The third type of physical barrier restricting gene flow in boreal chickadees is geographical distance. Both mtDNA and microsatellite data show significant isolation-by-distance, and short distance (<40 km) dispersal is supported by banding records. Reduced dispersal is consistent with other non-migratory, resident species, including both birds (Burg et al., 2005; Graham and Burg, 2012; Lait et al., 2012) and mammals (Chappell et al., 2004; Aubry et al., 2009; Shafer et al., 2010a).
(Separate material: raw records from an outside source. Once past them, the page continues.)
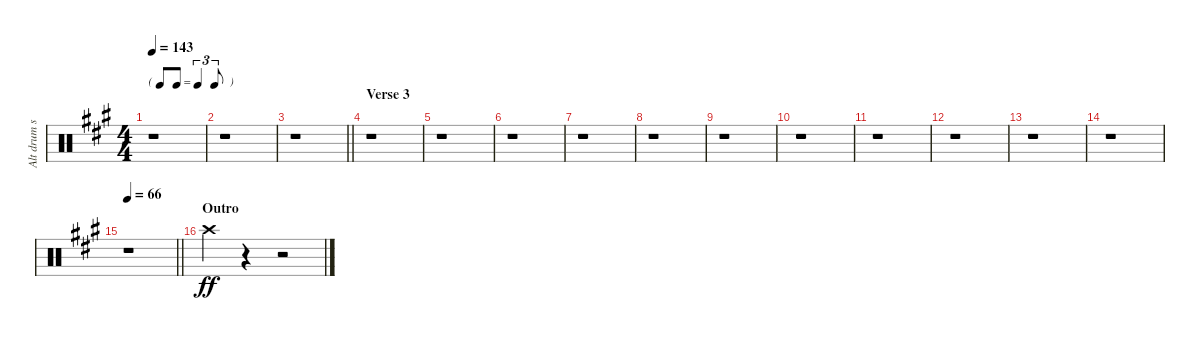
\track ("Alt drum sounds" "Alt drum s") {instrument percussion}
\staff {score}
\articulation defaults
\ts (4 4)
\tf triplet8th
\tempo 143
\clef neutral
\ks a
r.1{dy f} |
r.1 |
\barLineRight lightlight
r.1 |
\section ("" "Verse 3")
r.1 |
r.1 |
r.1 |
r.1 |
r.1 |
r.1 |
r.1 |
r.1 |
r.1 |
r.1 |
r.1 |
\tempo 66
\barLineRight lightlight
r.1 |
\section ("" "Outro")
"Crash high (hit)".4{dy ff volume 16} r.4 r.2
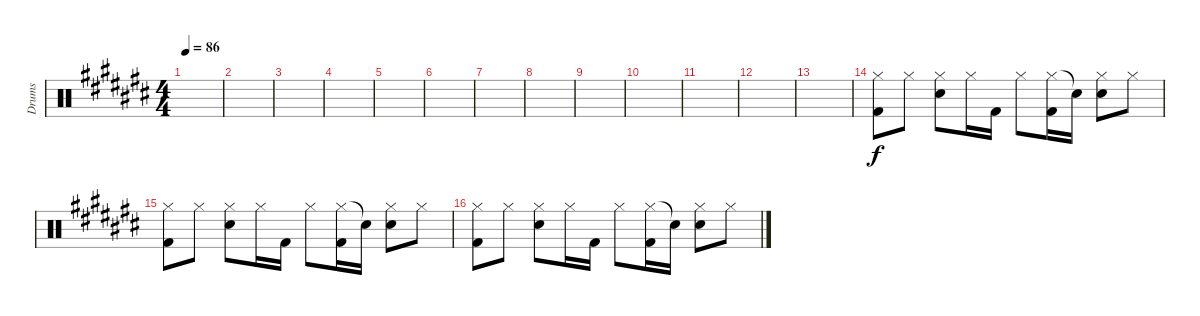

Comparing genetic data to morphological taxonomy

Three to five subspecies of boreal chickadees have been described based on morphological and plumage differences (Ridgway, 1904; American Ornithologists’ Union, 1957). The most widely accepted designation includes five described subspecies: P. h. hudsonicus (AK to ON), P. h. columbianus (west of Rocky Mountains), P. h. cascadensis (northern Cascade Mountains), P. h. littoralis (QC to Atlantic coast) and P. h. rabbittsi (NL) (American Ornithologists’ Union, 1957). Our genetic data do not support the separation of populations on the western and eastern edges of the Rocky Mountains (P. h. columbianus and P. h. hudsonicus) but do support both the separation of populations west and east of Hudson’s Bay (P. h. hudsonicus andP. h. littoralis) and a distinct Newfoundland subspecies (P. h. rabbittsi). No samples were collected from P. h. cascadensis.

Conclusions

The genetic patterns seen in the boreal chickadee support the historical separation in Beringia and Atlantic coastal refugia with subsequent expansion into central Canada. Colonisation of previously glaciated areas probably followed the spread of spruce species as the patterns are congruent with black and white spruce, supporting niche conservatism in this songbird. The close association between these species suggests that they may be useful bioindicators for each other. A combination of mountains, water barriers and physical distance are influencing dispersal among contemporary chickadee populations. Within the mainland populations, male-biased dispersal is acting to homogenise populations while mtDNA differences are retained. The exception to this is Newfoundland where both sets of molecular markers support genetic isolation of this island population. The various impacts of physical barriers in different areas (for example, mountains in Alaska vs western Canada) highlights the importance of including matrix quality as well as habitat features when looking at dispersal barriers.

Data archiving

Sequence data have been submitted to GenBank: JN654564-JN654638 (control region); JN654639-JN654699 (ATP).

Genotype data have been submitted to Dryad: doi:10.5061/dryad.82hs7. Data files: Microsatellite raw data of six loci for boreal chickadees across North America.